# From the center O of the circle inscribed in the triangle ABC to the plane of this triangle

**From the center O of the circle inscribed in the triangle ABC to the plane of this triangle, a perpendicular OС with a length of 3 cm is drawn. Find the area of the triangle ASB if AB = 14 cm, AC = 15 cm, BC = 13 cm.**

Probably, in the condition there is a typo, the perpendicular to the plane is OS.

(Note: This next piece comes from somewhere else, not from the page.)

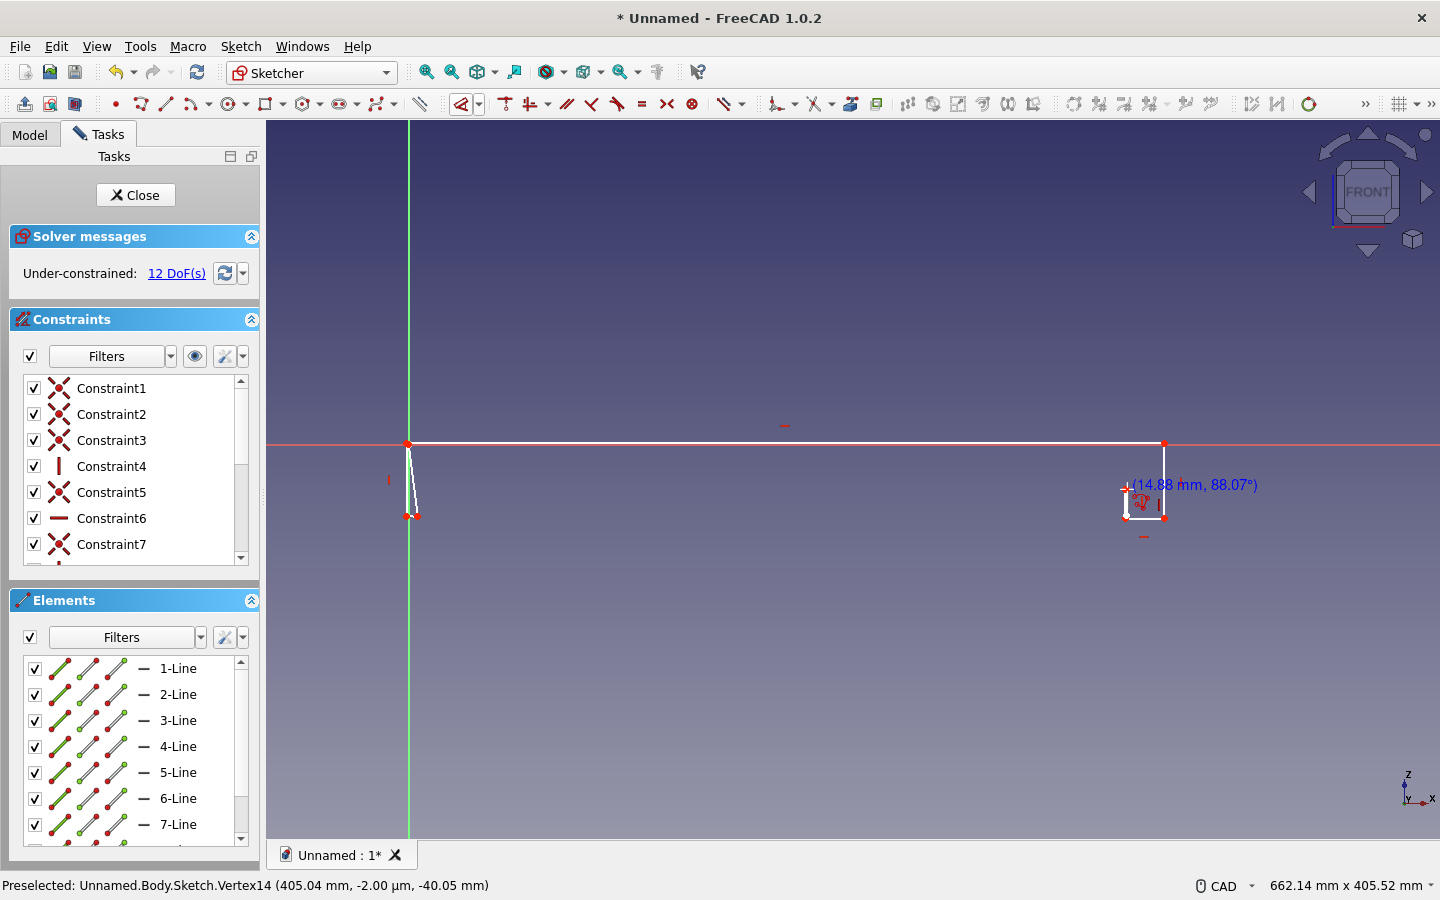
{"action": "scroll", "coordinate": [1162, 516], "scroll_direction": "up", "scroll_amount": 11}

The area of the triangle ABS will be found by the formula:

S ABS = 1/2 * AB * SH.

For this formula, we need the height SH.

Consider a right-angled triangle SOH.

OH – the radius of the inscribed circle, we find it by the formula:

OH = √ ((p – AB) * (p – BC) * (p – AC) / p) = √ ((21 – 14) * (21 – 13) * (21 – 15) / 21) = √ ( 7 * 8 * 6/21) = √16 = 4 (cm).

By the Pythagorean theorem, we find the hypotenuse SH:

SH = √ (OS² + OH²) = √ (9 + 16) = √25 = 5 (cm).

Find the area of the triangle ABS:

S ABS = 1/2 * 14 * 5 = 35 (cm²).

Answer: The area of the ABS triangle is 35 cm².